When I began re-reading these Diaries I realized how little I knew about the events of World War ll and what people in London in particular had to endure. I also learned the intimate revelations of a marriage with a glimpse into how women's roles at that time were very limited compared to my own and my daughter's opportunities. I think Ruby would be amazed at how different the lives of her great great granddaughters are today with their personal freedom and opportunities that were not dreamed of when she was young.

These journals are an interwoven combination of historical and personal facts recorded by a woman who lived through difficult times with both the hardships of war as well as the personal war she endured with her husband. The sheer terror and exhaustion Ruby felt as bombs fell for hours on end, night after night, is impossible for me to imagine enduring without having a complete mental breakdown.

While Ruby was trapped in a war, unable to leave either her environment or her marriage, she was a woman ahead of her time in her thinking. It appears that she was not able to share her real thoughts anywhere but in her Diary.

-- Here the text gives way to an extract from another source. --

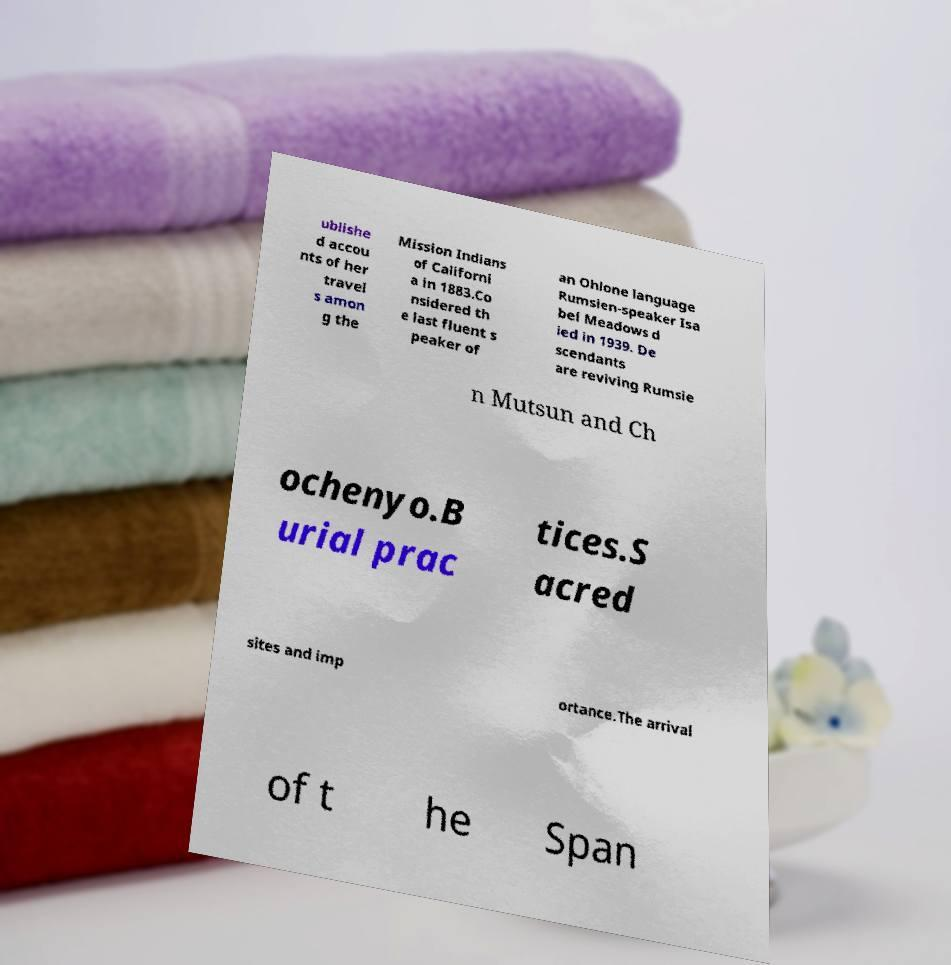Could you assist in decoding the text presented in this image and type it out clearly? ublishe d accou nts of her travel s amon g the Mission Indians of Californi a in 1883.Co nsidered th e last fluent s peaker of an Ohlone language Rumsien-speaker Isa bel Meadows d ied in 1939. De scendants are reviving Rumsie n Mutsun and Ch ochenyo.B urial prac tices.S acred sites and imp ortance.The arrival of t he Span 
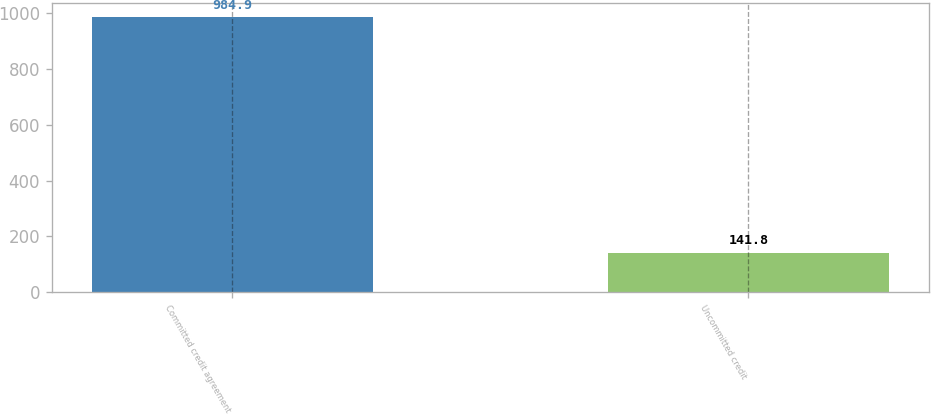Convert chart. <chart><loc_0><loc_0><loc_500><loc_500><bar_chart><fcel>Committed credit agreement<fcel>Uncommitted credit<nl><fcel>984.9<fcel>141.8<nl></chart> 
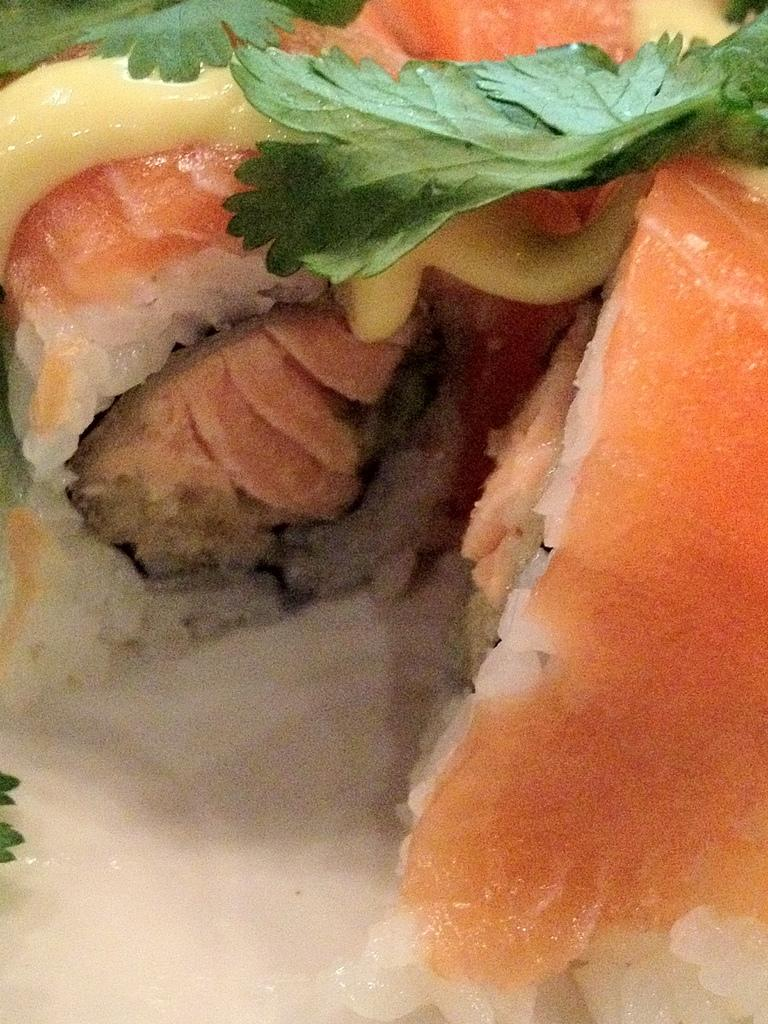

When I began the transcription of these diaries I posted them daily in a Blog. The reactions from readers from around the world inspired me to publish them in book form. People with the varied interests from genealogists, World War ll history buffs, women's history buffs, and history lovers in general, and educators have become engrossed by Ruby's first-hand experiences of the war described in the diaries. She was writing for herself alone, Ruby discusses her thoughts on politics, religion and marriage with raw honesty. Much of what she says would be considered politically incorrect today. Ruby's views about men and the war certainly would not have been accepted by anyone in the environment of her time and especially during the war. Her opinions, while written just for herself, are important. If we endited them out this material would lose much of its value.